I am running Autometer gauges. The oil pressure is manual and is connected to the factory oil pressure sending unit location at the rear/top of the block. I just needed a metric adapter to go from the factory metric size to npt. I can't remember the part number for the adapter but I can look it up if you need it.
For water temp I went with an electric gauge. This was to avoid the large temperature probe on most mechanical set ups. I have the sending unit installed in the pasenger cylinder head port. This required two things. First was a metric to npt adapter. But even with the adapter, you need a shortened electric sending unit due to the small I.d. of the adapter. These are available from autometer for $10 or so if I remember correctly. Again, i can probably track down the part numbers later if needed but right now I'm in the ER waiting room with a sick daughter. Hope this helps.

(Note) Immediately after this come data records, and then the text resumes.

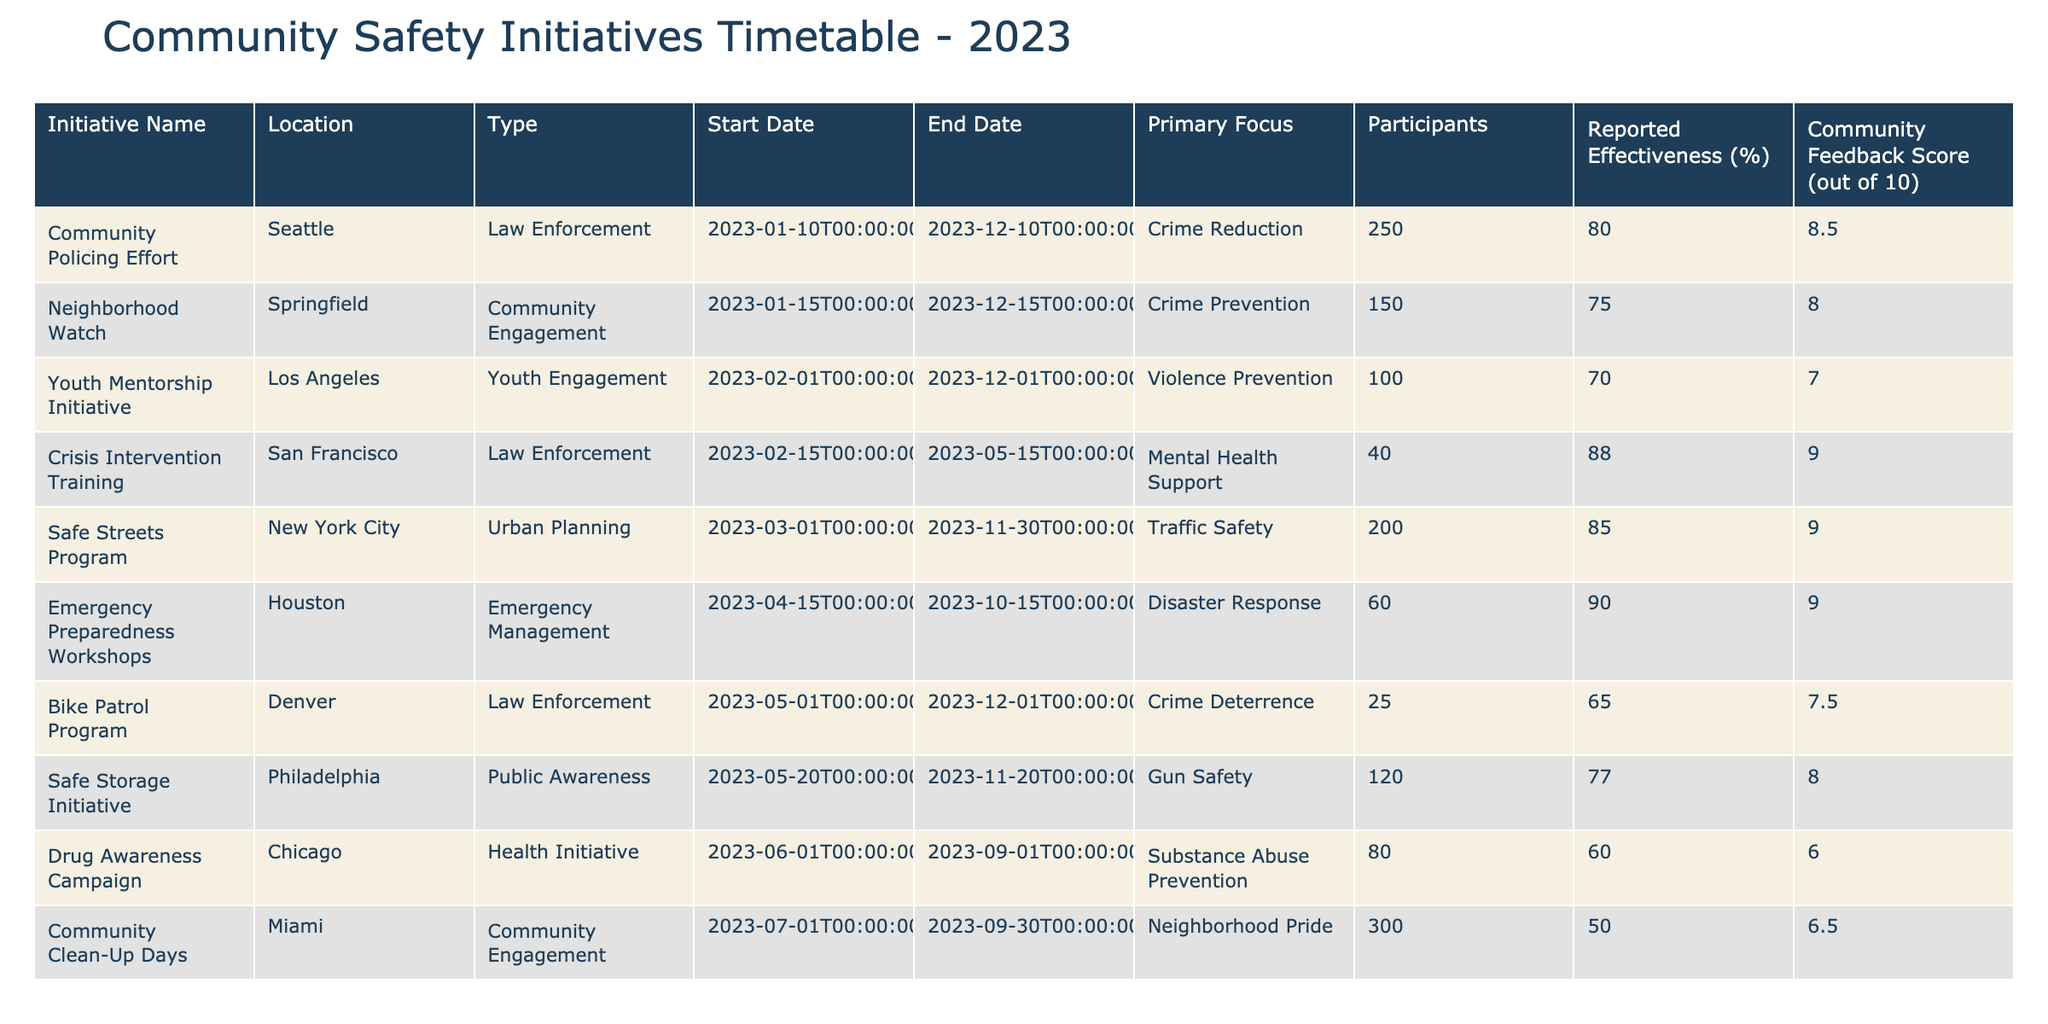What is the primary focus of the Youth Mentorship Initiative? The table lists the primary focus for the Youth Mentorship Initiative under the "Primary Focus" column. It is stated as "Violence Prevention."
Answer: Violence Prevention Which initiative has the highest reported effectiveness percentage? By comparing the "Reported Effectiveness (%)" column, the "Emergency Preparedness Workshops" has the highest value at 90%.
Answer: Emergency Preparedness Workshops True or false: The Community Clean-Up Days initiative has a community feedback score of 8. The table indicates that the Community Clean-Up Days initiative has a feedback score of 6.5, which makes the statement false.
Answer: False What is the average community feedback score for all initiatives listed? To find the average community feedback score, sum the scores: (8 + 9 + 7 + 8.5 + 6 + 9 + 7.5 + 6.5 + 8) = 70.5. There are 9 initiatives, so the average is 70.5 / 9 = 7.833.
Answer: 7.83 Which two initiatives focus on crime prevention? Reviewing the "Primary Focus" column, the Neighborhood Watch focuses on "Crime Prevention," and the Community Policing Effort also focuses on "Crime Reduction," which is related to crime prevention.
Answer: Neighborhood Watch, Community Policing Effort How many participants are involved in the Safe Streets Program and the Emergency Preparedness Workshops combined? The Safe Streets Program has 200 participants and the Emergency Preparedness Workshops have 60 participants. Adding them together: 200 + 60 = 260 participants.
Answer: 260 Which initiative is focused on gun safety and where is it located? By checking the "Primary Focus" and "Location" columns, the initiative focused on "Gun Safety" is the Safe Storage Initiative located in Philadelphia.
Answer: Safe Storage Initiative, Philadelphia Is there any initiative with a reported effectiveness below 70%? Checking the "Reported Effectiveness (%)" column, both the Youth Mentorship Initiative (70%) and the Drug Awareness Campaign (60%) fall below 70%, confirming that such initiatives exist.
Answer: Yes What is the difference in reported effectiveness between the Crisis Intervention Training and the Drug Awareness Campaign? The Crisis Intervention Training has an effectiveness of 88% and the Drug Awareness Campaign has 60%. The difference can be calculated as 88 - 60 = 28%.
Answer: 28%

Last edited by GC99TA; Mar 6, 2012 at 11:00 AM.
Thanks man. We're still waiting to see the doc but she seems to be doing better already as her fever is breaking. She was almost 105 before we left the house and couldn't even keep her eyes open (scary). But after some Tylenol at the house and Motrin here.....she's feeling better already. She's talking again and is very alert now. I just don't like the high fevers with a little one like this......but now she's saying "I'm not sick anymore......let's go home".......yeah right! Thanks much for the concern.
Thanks man. We're still waiting to see the doc but she seems to be doing better already as her fever is breaking. She was almost 105 before we left the house and couldn't even keep her eyes open (scary). But after some Tylenol at the house and Motrin here.....she's feeling better already. She's talking again and is very alert now. I just don't like the high fevers with a little one like this......but now she's saying "I'm not sick anymore......let's go home".......yeah right! Thanks much for the concern.
I hope they figured out your daughters cause.
Bruce
Gary
Here are the parts I mentioned above that I used to adapt my gauges:
Metric adapter used for mechanical oil pressure sender:
http://www.summitracing.com/parts/ATM-2268/
Metric adapter used for electric water temp gauge into cylinder head:
http://www.summitracing.com/parts/ATM-2277/
Shortened water temp sending unit to work with the above adapter:
http://www.summitracing.com/parts/ATM-2259/
Metric adapter used for mechanical oil pressure sender:
http://www.summitracing.com/parts/ATM-2268/
Metric adapter used for electric water temp gauge into cylinder head:
http://www.summitracing.com/parts/ATM-2277/
Shortened water temp sending unit to work with the above adapter:
http://www.summitracing.com/parts/ATM-2259/
Thanks Tony. Yeah, she got her share of pity and attention last night. She got to sleep with us and spent most of the night kicking me about the head and neck. As long as she feels better, daddy is glad to go to work exhausted with a bruised throat and little foot prints on his forehead.......

Lol!! Good deal! You just reminded me of something, after my Vasectomy I kept getting pains in my lower half and thought something went wrong with my surgery. Turns out my son slept with us at the time and he was actually kicking me in my boys while he was asleep. I found this out after waking up earlier than him and he did it while I was awake. After that he slept in his room and no more lower pains!!! Dang the memories!!! Lol!!!

The upper hose I think is a Gates 22352....at least that's what I have in my notes. The first upper hose I bought wasn't even close to being right, so I returned it for my current one that fits very well. Problem is I'm not positive which part number I have written down. Good thing is they can be bought locally and returned.
EDIT: I just found some of my older notes and they had a different upper hose part number listed. So I'm now 100% confident that the Gates number I listed above is the part I'm currently using.